(Recorded data)
###

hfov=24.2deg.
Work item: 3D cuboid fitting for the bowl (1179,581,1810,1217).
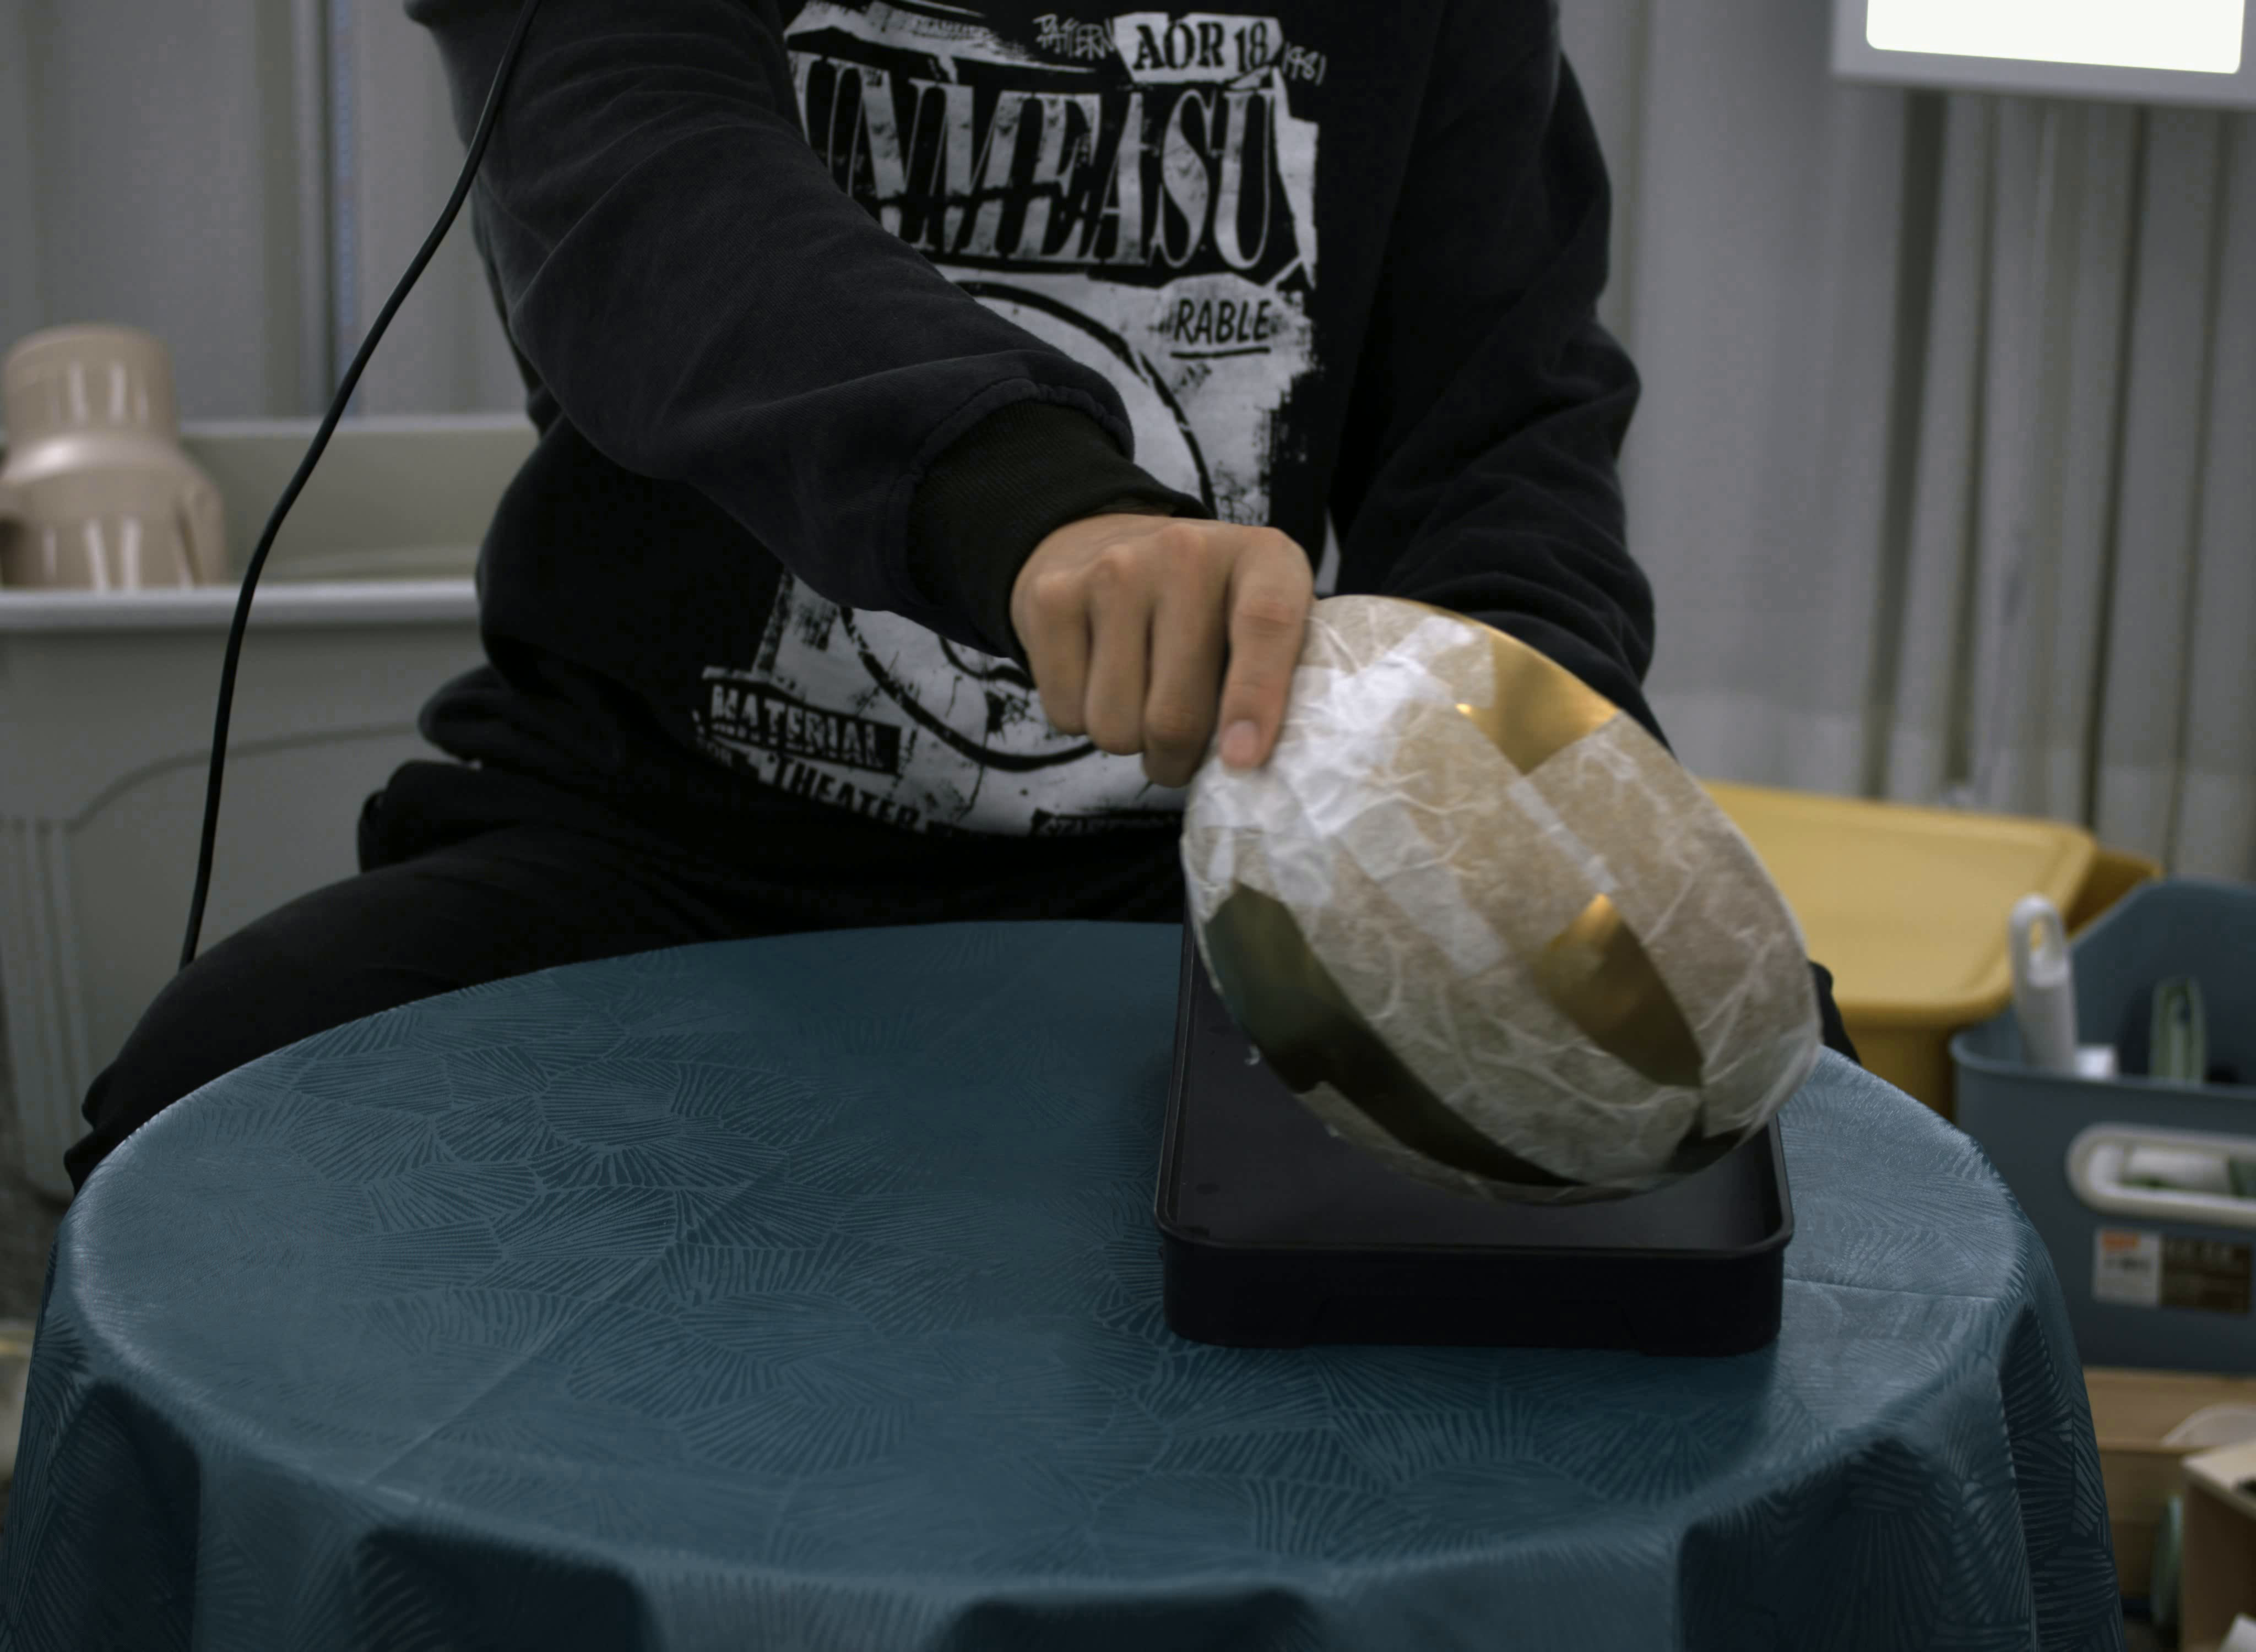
[{"bbox_3d":[0.084,0.040,1.496,0.212,0.218,0.094,18,55,45],"label":"bowl"}]

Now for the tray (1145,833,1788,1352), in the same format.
[{"bbox_3d":[0.105,0.076,1.631,0.183,0.037,0.316,0,22,4],"label":"tray"}]

###

• _WHAT THE TASK REQUIRES_:
All of the entries above are to be restated word for word, minus the images.

• _RESPONSE BOX_:
hfov=24.2deg.
Work item: 3D cuboid fitting for the bowl (1179,581,1810,1217).
[{"bbox_3d":[0.084,0.040,1.496,0.212,0.218,0.094,18,55,45],"label":"bowl"}]

Now for the tray (1145,833,1788,1352), in the same format.
[{"bbox_3d":[0.105,0.076,1.631,0.183,0.037,0.316,0,22,4],"label":"tray"}]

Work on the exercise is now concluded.